The proposed predictor outputs both binary and real-valued predictions. To compare with previous methods, we introduce both binary and real-valued predictions criteria. In detail, binary predictions, namely secretory proteins vs. non-secretory proteins, are evaluated using sensitivity, specificity, precision, accuracy, F1-measure (F1), and Matthews correlation coefficient (MCC). Equation 8∼13 give the definition of these criteria. True positives (TPs) and true negatives (TNs) stand for correctly recognized secretory and non-secretory proteins, respectively. False positives (FPs) indicate incorrectly predicted non-secretory proteins as secretory ones, while false negatives (FNs) represent incorrectly predicted secretory proteins as non-secretory ones.
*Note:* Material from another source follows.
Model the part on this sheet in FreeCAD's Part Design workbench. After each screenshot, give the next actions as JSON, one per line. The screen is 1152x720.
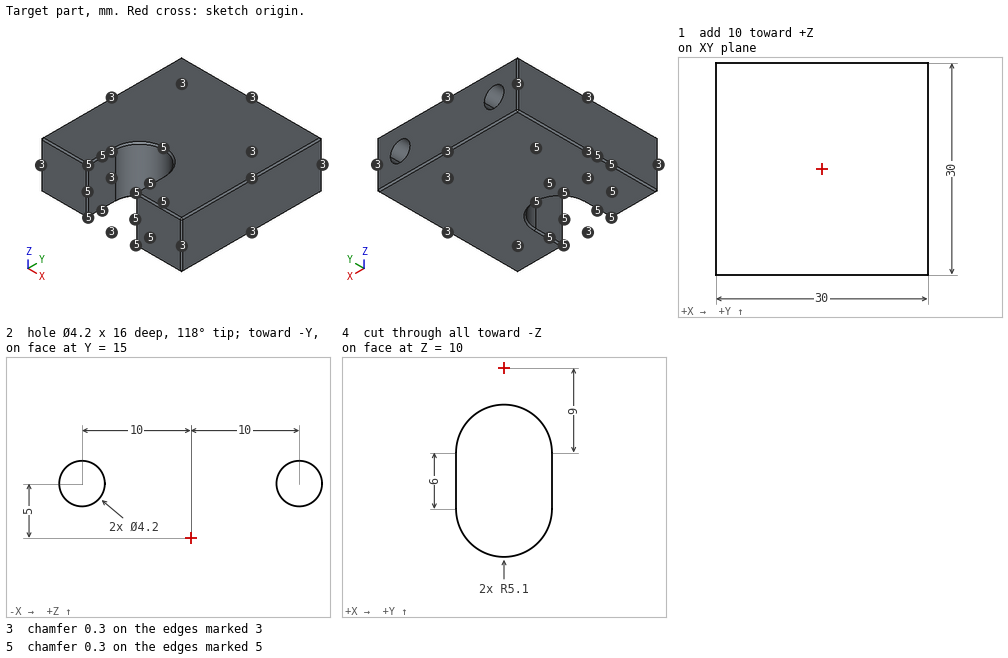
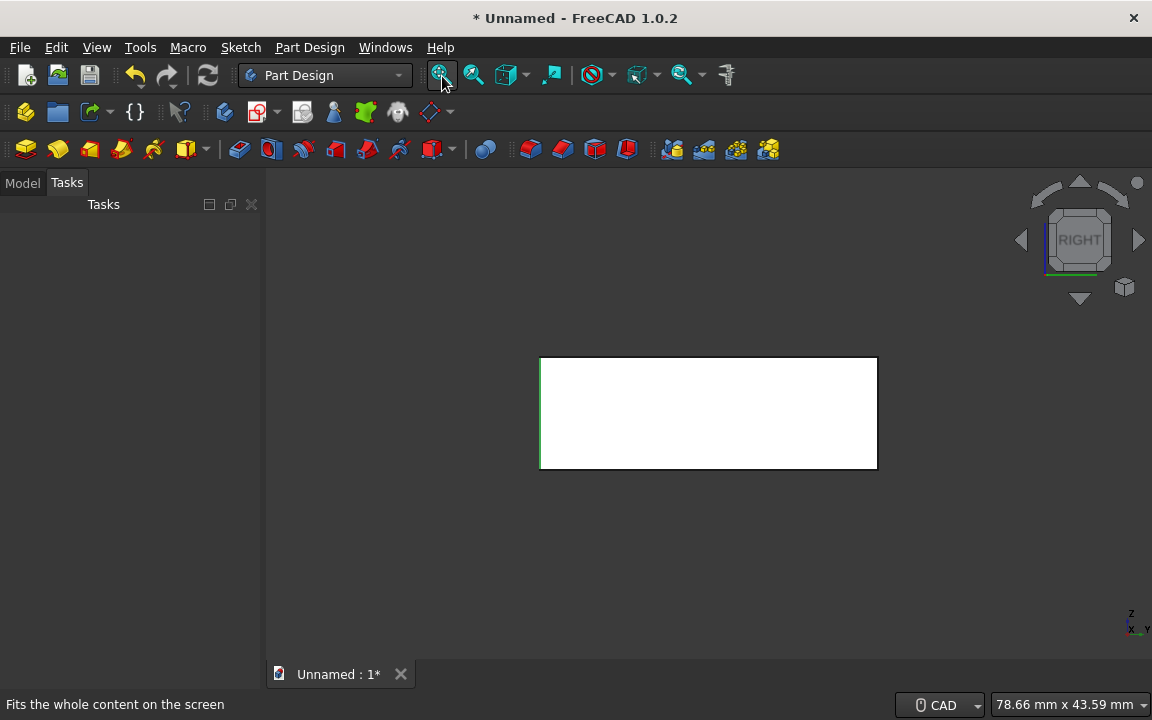
{"action": "left_click", "coordinate": [878, 412], "text": "ctrl"}

Sensitivity = \frac{TP}{TP + FN} (8)

Specificity = \frac{TN}{TN + FP} (9)

Precision = \frac{TP}{TP + FP} (10)

Accuracy = \frac{TP + TN}{TP + FP + TN + FP} (11)
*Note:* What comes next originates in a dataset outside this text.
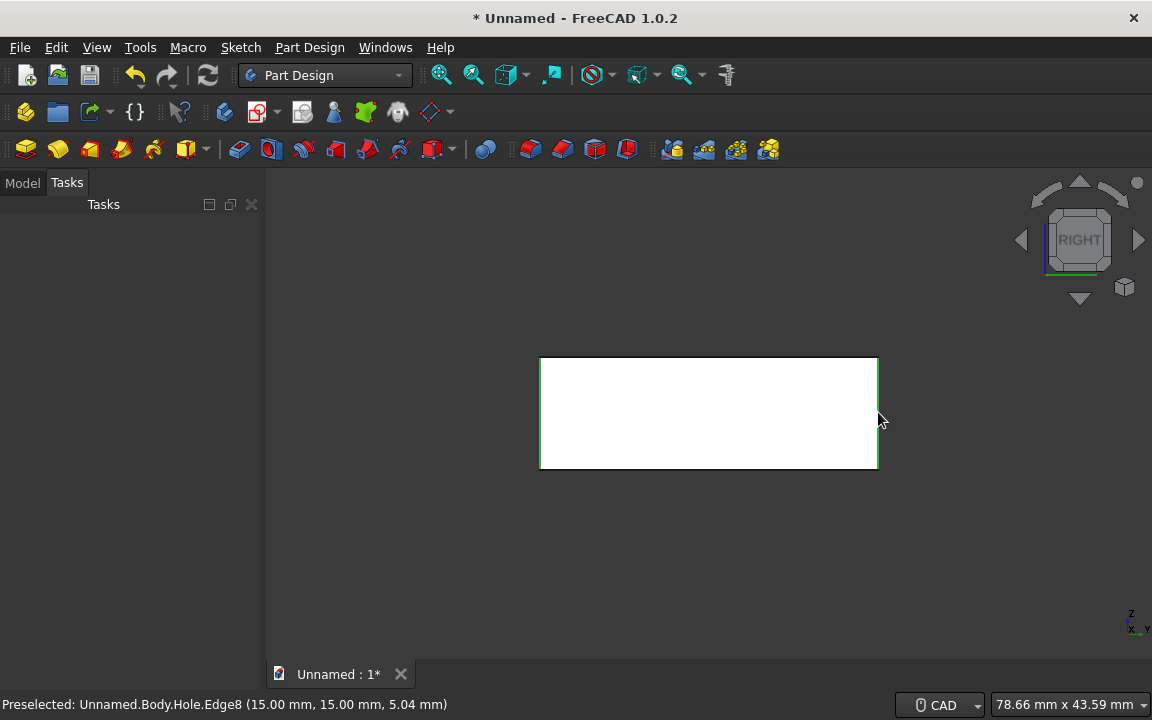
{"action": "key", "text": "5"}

F 1 - measure = 2 \times \frac{Sensitivity \times Precision}{S e n s i t i v i t y + Precision} (12)

\frac{TP \times TN - FN \times FP}{\sqrt{(TP + FN) \times (TP + FP) \times (TN + FP) \times (TN + FN)}} (13)

Binary prediction criteria may suffer from the imbalanced data, which benefits from the real-valued prediction criteria. The latter criteria is capable of providing unbiased assessment without considering the threshold. The research illustrates receiver operating characteristic curve (ROC curve) to demonstrate the overall predictive quantity. ROC curve plots the TPR (true positive rate) against the FPR (false positive rate) at various thresholds. Besides that, we also calculate the area under ROC curve (AUC).

Results and Discussion

The Characteristics of the Considered Features

In this work, we encode the proteins by calculating the two types of RAAC values. That is, the RAAC of secretory proteins against Swiss-Prot, and the secretory proteins against non-secretory proteins. As listed in Table 1, compared with the amino acid distribution in Swiss-Prot, secretory proteins prefer cysteine, threonine, serine, proline. When compared with non-secretory proteins, secretory proteins are significantly enriched in threonine, while depleted in lysine, glutamine and arginine.

TABLE 1

Table 1. The RAAC values for secretory proteins against Swiss-Prot database and secretory proteins against non-secretory proteins.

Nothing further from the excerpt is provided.